At the age of apparent aging, the once distant land called “old” no longer seems foreign or exotic to me. Daily, my joints offer protests. Sometimes one has a solo; more often there's a noisy blur of voices, the new background music accompanying my every movement. I regularly switch among my three pairs of multifocal glasses, each with a different function. I have a faulty gene, a history of cancer, and seven visible surgical scars, and am now missing several nonessential body parts. These days, when something goes wrong in my body, I don't just consider how it might be fixed; I worry that fixing it won't be possible and that my new debility will not only endure but beget a cascade of injuries and additional disabilities. In my head, I hear the childhood song about how the foot bone's connected to the leg bone, the leg bone's connected to the hip bone, and so on. Although it's not yet clear how it will go down, I can now imagine me = old, even if I still sometimes register my relentless progress toward citizenship in that vast territory with surprise.
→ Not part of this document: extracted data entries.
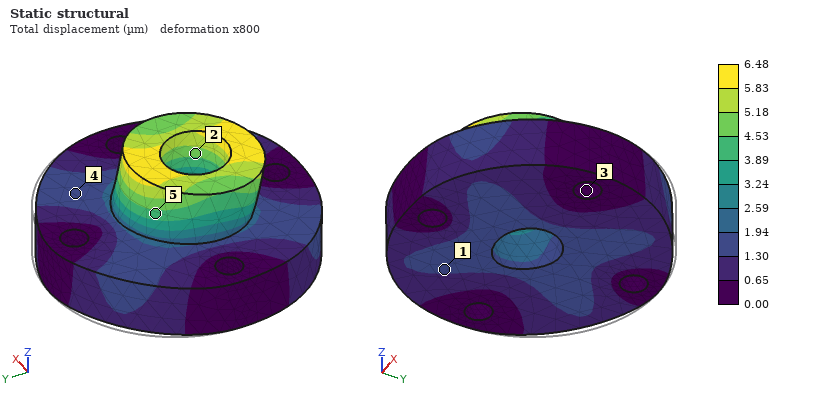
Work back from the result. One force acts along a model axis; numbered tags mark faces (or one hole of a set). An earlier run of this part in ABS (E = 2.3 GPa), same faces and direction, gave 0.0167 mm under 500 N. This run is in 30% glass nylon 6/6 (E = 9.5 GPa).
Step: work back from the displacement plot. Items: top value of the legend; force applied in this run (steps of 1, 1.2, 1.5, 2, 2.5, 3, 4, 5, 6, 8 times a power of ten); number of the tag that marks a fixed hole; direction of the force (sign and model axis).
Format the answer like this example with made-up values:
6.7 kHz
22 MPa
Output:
6.48 µm
800 N
3
-Y
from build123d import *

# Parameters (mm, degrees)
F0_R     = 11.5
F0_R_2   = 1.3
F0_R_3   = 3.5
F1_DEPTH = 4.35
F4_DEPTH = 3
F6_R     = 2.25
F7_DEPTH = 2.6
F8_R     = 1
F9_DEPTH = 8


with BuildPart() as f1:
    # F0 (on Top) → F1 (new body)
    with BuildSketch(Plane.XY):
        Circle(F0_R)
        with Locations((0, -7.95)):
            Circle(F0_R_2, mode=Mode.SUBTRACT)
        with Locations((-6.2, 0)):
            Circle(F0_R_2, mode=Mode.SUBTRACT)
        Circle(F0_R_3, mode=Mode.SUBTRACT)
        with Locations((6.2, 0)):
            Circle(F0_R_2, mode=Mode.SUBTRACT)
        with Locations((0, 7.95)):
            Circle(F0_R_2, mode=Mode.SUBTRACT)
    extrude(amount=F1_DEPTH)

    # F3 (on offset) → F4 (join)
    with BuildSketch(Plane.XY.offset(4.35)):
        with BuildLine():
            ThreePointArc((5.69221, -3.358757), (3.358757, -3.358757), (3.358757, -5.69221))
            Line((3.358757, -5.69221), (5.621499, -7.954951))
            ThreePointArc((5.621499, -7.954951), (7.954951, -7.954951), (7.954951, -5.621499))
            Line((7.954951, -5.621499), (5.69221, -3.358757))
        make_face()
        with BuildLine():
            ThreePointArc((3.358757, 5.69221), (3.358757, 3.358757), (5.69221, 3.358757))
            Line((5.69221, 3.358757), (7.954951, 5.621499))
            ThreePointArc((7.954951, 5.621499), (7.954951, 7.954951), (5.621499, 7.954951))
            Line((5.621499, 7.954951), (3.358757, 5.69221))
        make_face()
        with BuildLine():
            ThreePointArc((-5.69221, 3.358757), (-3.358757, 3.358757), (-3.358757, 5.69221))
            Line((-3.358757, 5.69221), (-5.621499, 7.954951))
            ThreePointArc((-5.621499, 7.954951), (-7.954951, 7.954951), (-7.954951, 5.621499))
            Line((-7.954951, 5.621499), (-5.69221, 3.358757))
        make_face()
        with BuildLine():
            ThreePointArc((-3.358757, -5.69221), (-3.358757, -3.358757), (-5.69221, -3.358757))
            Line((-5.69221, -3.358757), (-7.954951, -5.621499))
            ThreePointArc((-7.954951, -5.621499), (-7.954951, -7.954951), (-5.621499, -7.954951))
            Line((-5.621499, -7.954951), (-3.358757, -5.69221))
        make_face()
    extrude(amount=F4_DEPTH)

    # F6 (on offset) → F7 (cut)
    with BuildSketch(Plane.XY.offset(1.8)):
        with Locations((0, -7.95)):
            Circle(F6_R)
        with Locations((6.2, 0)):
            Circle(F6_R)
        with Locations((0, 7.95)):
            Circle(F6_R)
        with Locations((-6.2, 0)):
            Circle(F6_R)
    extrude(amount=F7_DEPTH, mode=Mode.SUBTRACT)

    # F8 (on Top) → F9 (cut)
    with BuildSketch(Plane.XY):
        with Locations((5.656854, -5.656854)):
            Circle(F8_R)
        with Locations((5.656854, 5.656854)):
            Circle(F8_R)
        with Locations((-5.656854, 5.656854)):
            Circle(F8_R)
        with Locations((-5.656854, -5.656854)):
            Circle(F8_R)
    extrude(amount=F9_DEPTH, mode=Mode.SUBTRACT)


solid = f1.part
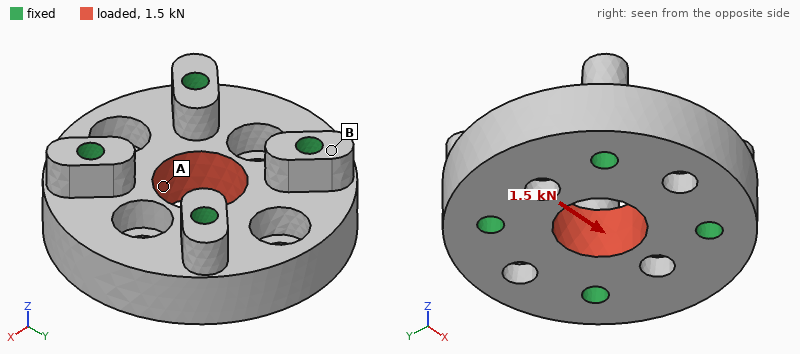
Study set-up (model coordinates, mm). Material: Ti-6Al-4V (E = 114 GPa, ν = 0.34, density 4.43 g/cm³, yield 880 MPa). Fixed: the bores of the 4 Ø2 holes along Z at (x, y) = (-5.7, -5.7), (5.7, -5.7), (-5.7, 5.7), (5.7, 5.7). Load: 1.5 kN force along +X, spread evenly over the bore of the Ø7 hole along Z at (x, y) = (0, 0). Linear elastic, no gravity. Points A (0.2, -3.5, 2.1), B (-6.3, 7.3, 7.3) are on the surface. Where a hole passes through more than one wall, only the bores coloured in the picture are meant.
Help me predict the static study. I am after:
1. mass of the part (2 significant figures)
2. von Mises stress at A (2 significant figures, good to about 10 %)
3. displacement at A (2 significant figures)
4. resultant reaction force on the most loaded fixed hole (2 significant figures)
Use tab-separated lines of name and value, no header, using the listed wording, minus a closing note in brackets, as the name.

Those physical changes are real but tell only part of the story. For me, the rest of the saga goes something like this: though I have yet to take up permanent residency in old age, I have acquired an intimate familiarity with its culture and customs, and I'm looking forward to it. I imagine its early years, and if I'm lucky, decades, much like the best parts of midlife: the solid sense of who I am and how I want to spend my time, the decreased volume of the sorts of ambitions easily confused with the hollow vanity of social recognition, the greater time and energy for generosity and attention to others, the confidence to stick to my convictions, the exciting new goals and profound sense of life satisfaction. Similar sentiments are found with aging the world over.

For too long it's been elderhood's best kept secret that similar sentiments are found with aging the world over. Now, finally, we're beginning to tell all the stories of old age.